RECORD EXCERPTS
== Segment start ==

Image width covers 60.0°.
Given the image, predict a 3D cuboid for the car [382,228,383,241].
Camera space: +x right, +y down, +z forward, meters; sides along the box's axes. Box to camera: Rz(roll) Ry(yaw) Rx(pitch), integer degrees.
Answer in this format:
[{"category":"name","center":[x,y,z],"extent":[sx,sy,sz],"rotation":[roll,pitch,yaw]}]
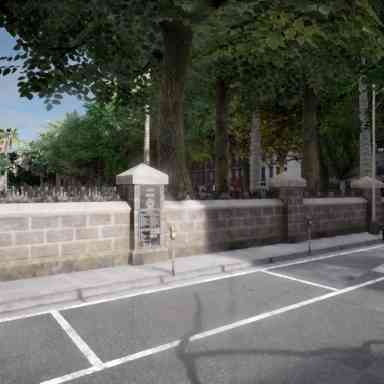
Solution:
[{"category":"car","center":[9.787,1.310,13.521],"extent":[5.009,1.841,2.192],"rotation":[0,0,-36]}]
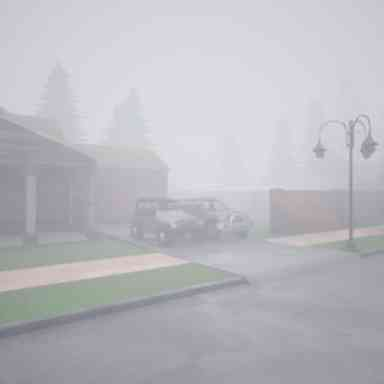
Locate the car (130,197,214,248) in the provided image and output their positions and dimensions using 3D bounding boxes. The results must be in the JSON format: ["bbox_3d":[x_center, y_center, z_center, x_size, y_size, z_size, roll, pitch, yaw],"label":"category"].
[{"bbox_3d":[-1.124,1.172,14.050,1.905,1.878,3.866,0,0,-36],"label":"car"}]

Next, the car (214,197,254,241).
[{"bbox_3d":[0.693,1.169,15.831,1.932,1.855,4.605,0,0,-36],"label":"car"}]
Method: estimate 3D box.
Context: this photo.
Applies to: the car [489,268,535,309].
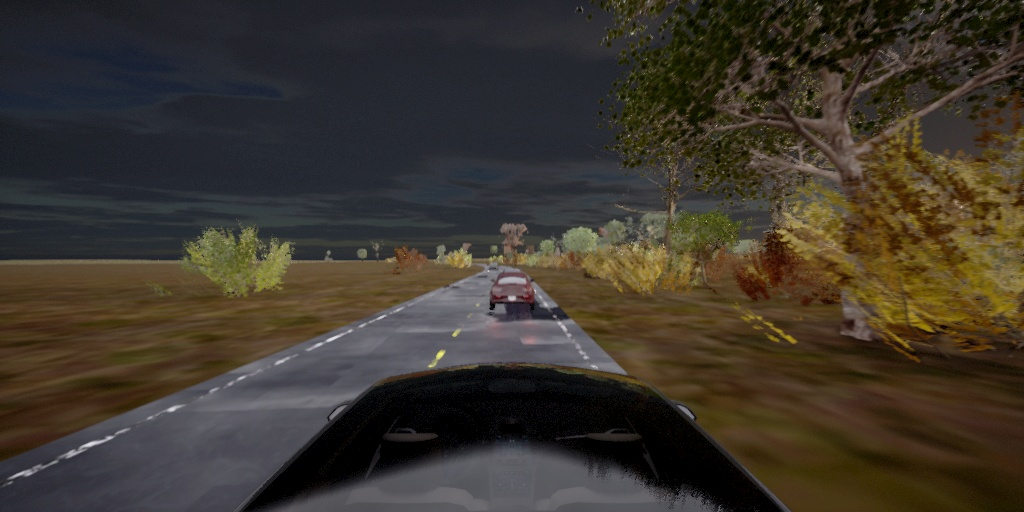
[{"bbox_3d":[0.026,1.430,15.724,1.812,1.442,4.674,0,0,1],"label":"car"}]
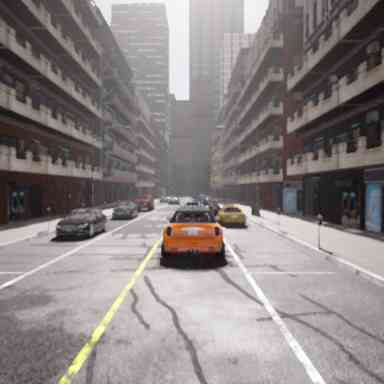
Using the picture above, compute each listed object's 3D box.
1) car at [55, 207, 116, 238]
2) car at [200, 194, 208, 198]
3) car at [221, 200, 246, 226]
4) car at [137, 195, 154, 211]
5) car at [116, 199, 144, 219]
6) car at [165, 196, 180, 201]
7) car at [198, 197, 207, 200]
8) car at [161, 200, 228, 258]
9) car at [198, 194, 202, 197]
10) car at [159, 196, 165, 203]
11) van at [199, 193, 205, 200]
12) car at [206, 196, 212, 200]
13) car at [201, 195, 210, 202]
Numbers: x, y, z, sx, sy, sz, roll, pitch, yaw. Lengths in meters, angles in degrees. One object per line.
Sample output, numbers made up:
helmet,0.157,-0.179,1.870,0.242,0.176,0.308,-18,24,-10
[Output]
car,-5.692,1.545,17.544,2.008,1.369,4.403,-1,0,0
car,2.705,1.549,56.725,1.947,1.339,4.313,-1,0,0
car,2.690,1.518,23.283,1.752,1.417,4.829,-1,0,0
car,-5.686,1.302,39.952,2.192,1.841,5.009,-1,0,0
car,-5.688,1.541,28.748,2.008,1.369,4.403,-1,0,0
car,-3.029,1.530,57.443,2.033,1.411,5.357,0,0,1
car,0.060,1.497,28.069,1.837,1.490,4.892,0,0,0
car,0.051,1.347,12.947,2.097,1.767,4.553,0,0,1
car,2.707,1.533,62.328,2.008,1.369,4.403,-1,0,0
car,-5.671,1.532,67.962,2.008,1.369,4.403,-1,0,0
van,2.716,1.319,90.338,1.690,1.788,3.998,-1,0,0
car,2.693,1.429,34.317,1.967,1.590,4.097,-1,0,0
car,3.032,1.485,74.341,1.837,1.490,4.892,0,0,0
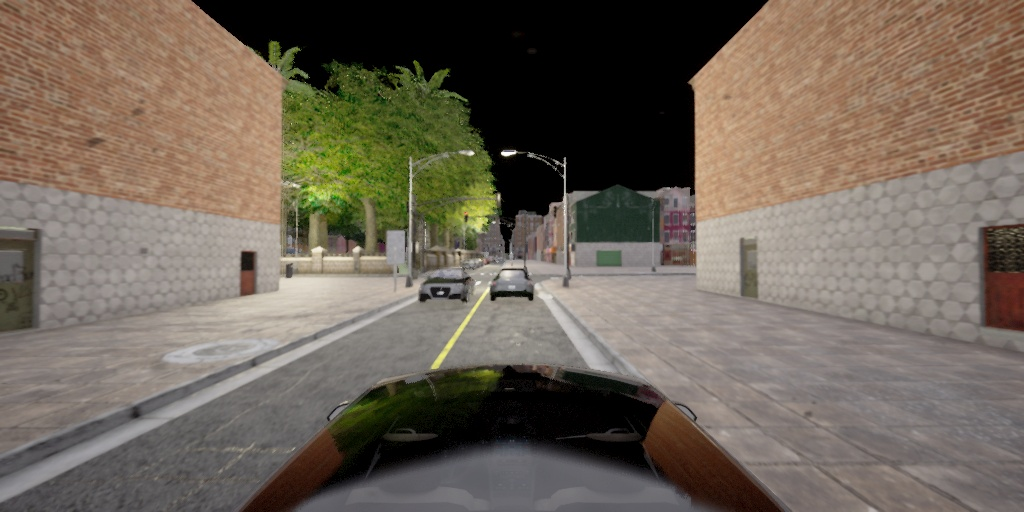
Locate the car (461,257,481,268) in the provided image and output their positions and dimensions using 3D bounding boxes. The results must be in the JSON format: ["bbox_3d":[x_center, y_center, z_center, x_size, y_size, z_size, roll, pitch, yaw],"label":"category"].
[{"bbox_3d":[-5.531,1.114,45.887,2.007,1.370,4.403,0,0,0],"label":"car"}]

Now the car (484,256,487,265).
[{"bbox_3d":[-5.606,1.090,58.472,1.948,1.339,4.313,0,0,0],"label":"car"}]

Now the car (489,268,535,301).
[{"bbox_3d":[0.020,1.244,16.887,1.994,1.385,4.181,0,0,1],"label":"car"}]

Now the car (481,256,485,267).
[{"bbox_3d":[-5.562,1.090,53.022,2.007,1.370,4.403,0,0,0],"label":"car"}]

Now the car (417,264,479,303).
[{"bbox_3d":[-2.784,1.248,16.011,1.994,1.385,4.181,0,0,1],"label":"car"}]
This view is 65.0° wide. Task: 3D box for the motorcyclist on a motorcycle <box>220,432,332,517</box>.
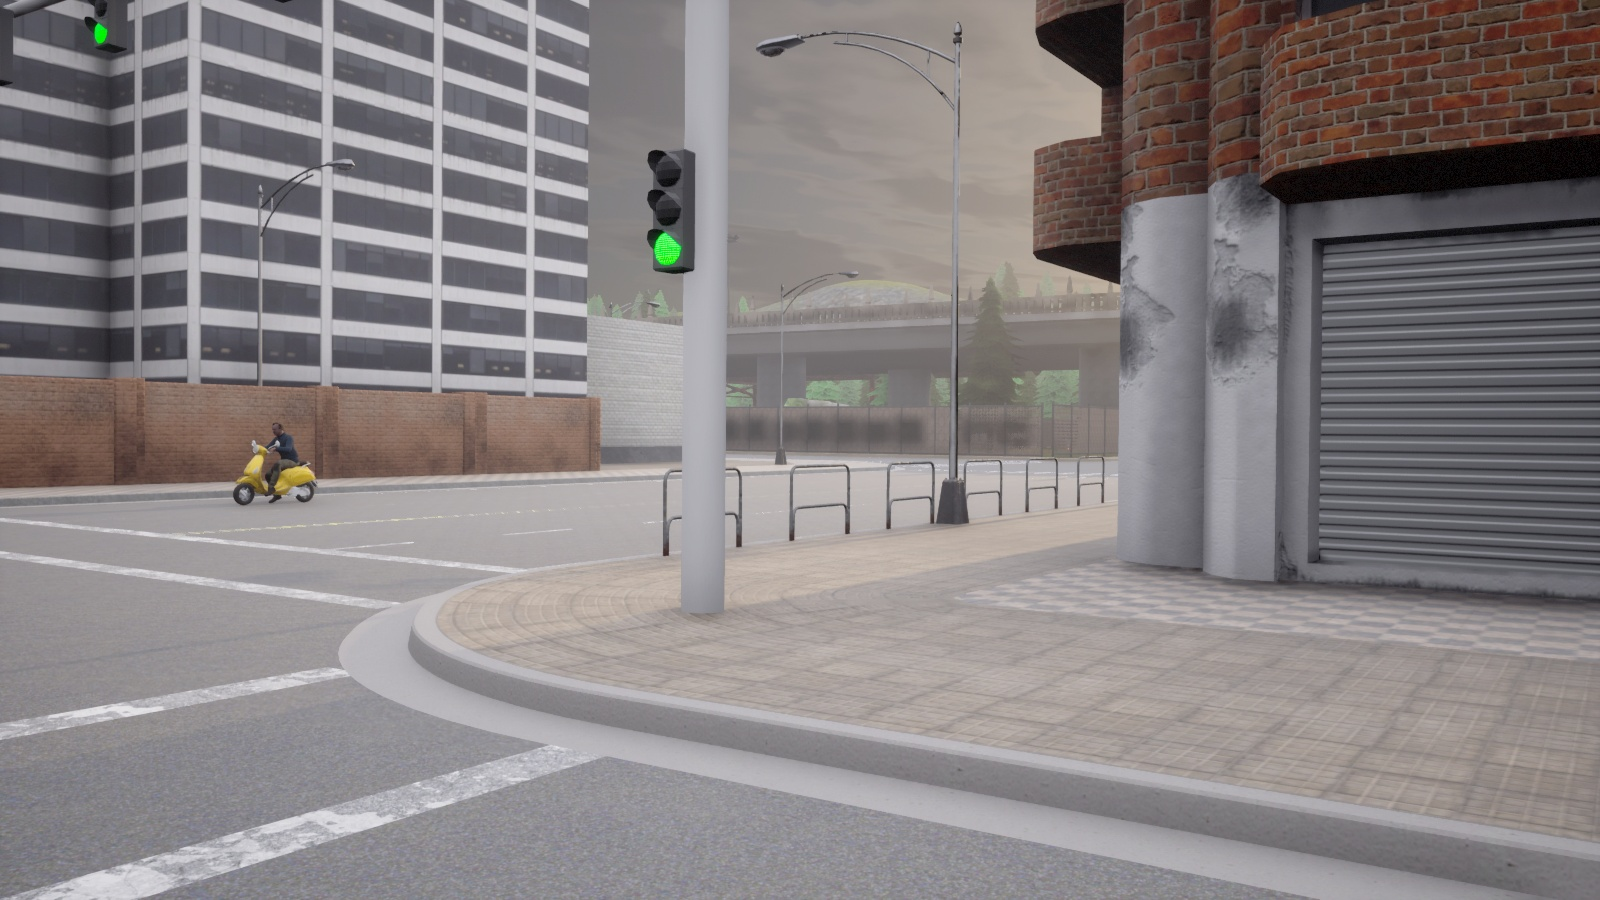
[{"bbox_3d":[-10.189,0.443,24.478,0.866,1.590,1.817,0,1,33],"label":"motorcyclist on a motorcycle"}]
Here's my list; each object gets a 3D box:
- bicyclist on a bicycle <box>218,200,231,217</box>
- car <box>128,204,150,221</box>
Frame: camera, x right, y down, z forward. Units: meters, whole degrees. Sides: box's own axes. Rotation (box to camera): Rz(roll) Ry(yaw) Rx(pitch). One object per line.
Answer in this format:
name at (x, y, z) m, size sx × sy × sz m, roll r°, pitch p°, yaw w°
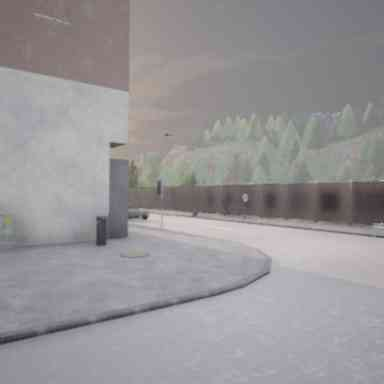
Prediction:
bicyclist on a bicycle at (3.049, 1.561, 31.469) m, size 1.656 × 1.620 × 0.582 m, roll 0°, pitch 0°, yaw -35°
car at (-5.482, 1.726, 28.964) m, size 1.895 × 1.301 × 4.718 m, roll 1°, pitch 0°, yaw -35°
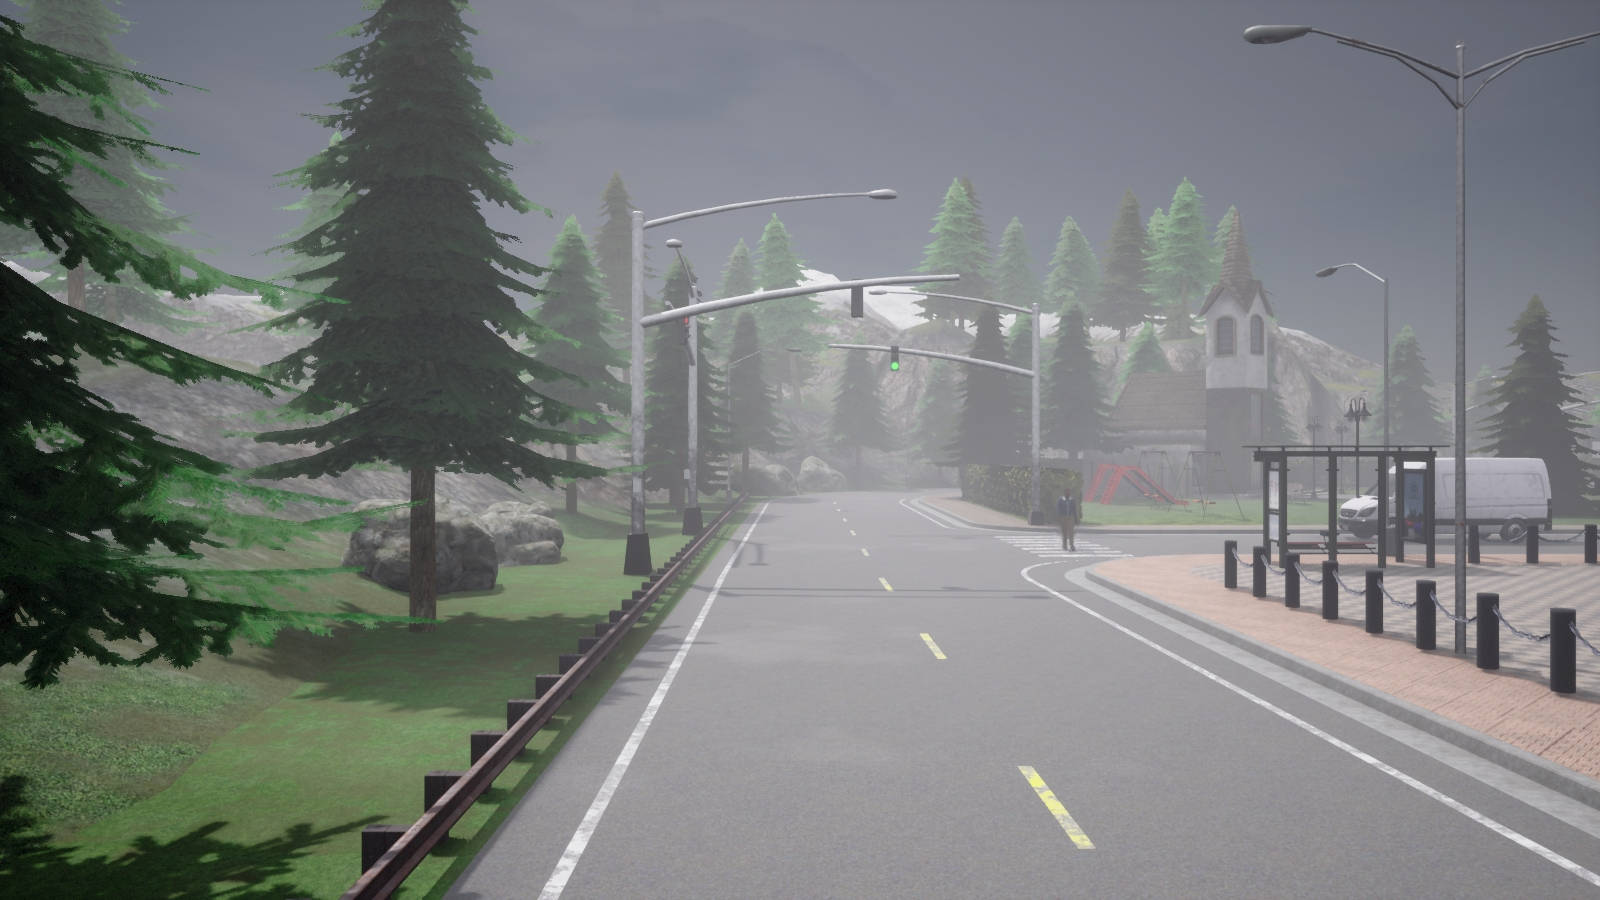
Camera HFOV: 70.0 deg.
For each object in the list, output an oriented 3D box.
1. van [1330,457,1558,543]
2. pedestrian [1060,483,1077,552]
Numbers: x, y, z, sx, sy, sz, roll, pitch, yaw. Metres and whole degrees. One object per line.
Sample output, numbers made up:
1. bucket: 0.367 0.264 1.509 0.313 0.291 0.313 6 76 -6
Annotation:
1. van: 19.746 1.515 35.223 5.915 2.561 1.988 0 0 0
2. pedestrian: 7.336 1.833 31.236 0.375 1.860 0.375 0 0 0
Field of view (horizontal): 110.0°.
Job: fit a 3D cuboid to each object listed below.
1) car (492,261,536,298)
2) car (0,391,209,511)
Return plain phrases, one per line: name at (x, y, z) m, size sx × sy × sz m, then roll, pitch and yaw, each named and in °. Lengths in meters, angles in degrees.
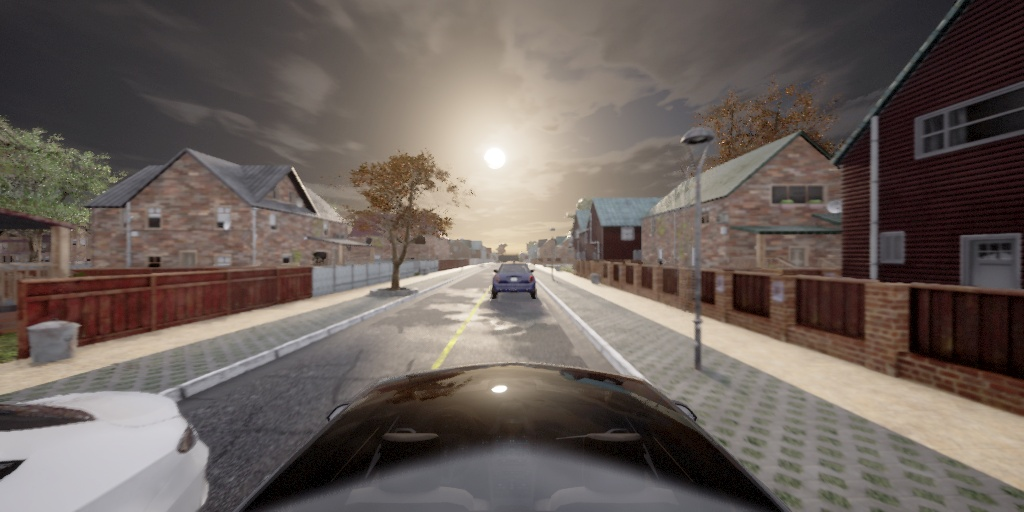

== Segment end ==

Considering only the data above, return the lines in which "forward" occurs.

Camera space: +x right, +y down, +z forward, meters; sides along the box's axes. Box to camera: Rz(roll) Ry(yaw) Rx(pitch), integer degrees.
Frame: camera, x right, y down, z forward. Units: meters, whole degrees. Sides: box's own axes. Rotation (box to camera): Rz(roll) Ry(yaw) Rx(pitch). One object per line.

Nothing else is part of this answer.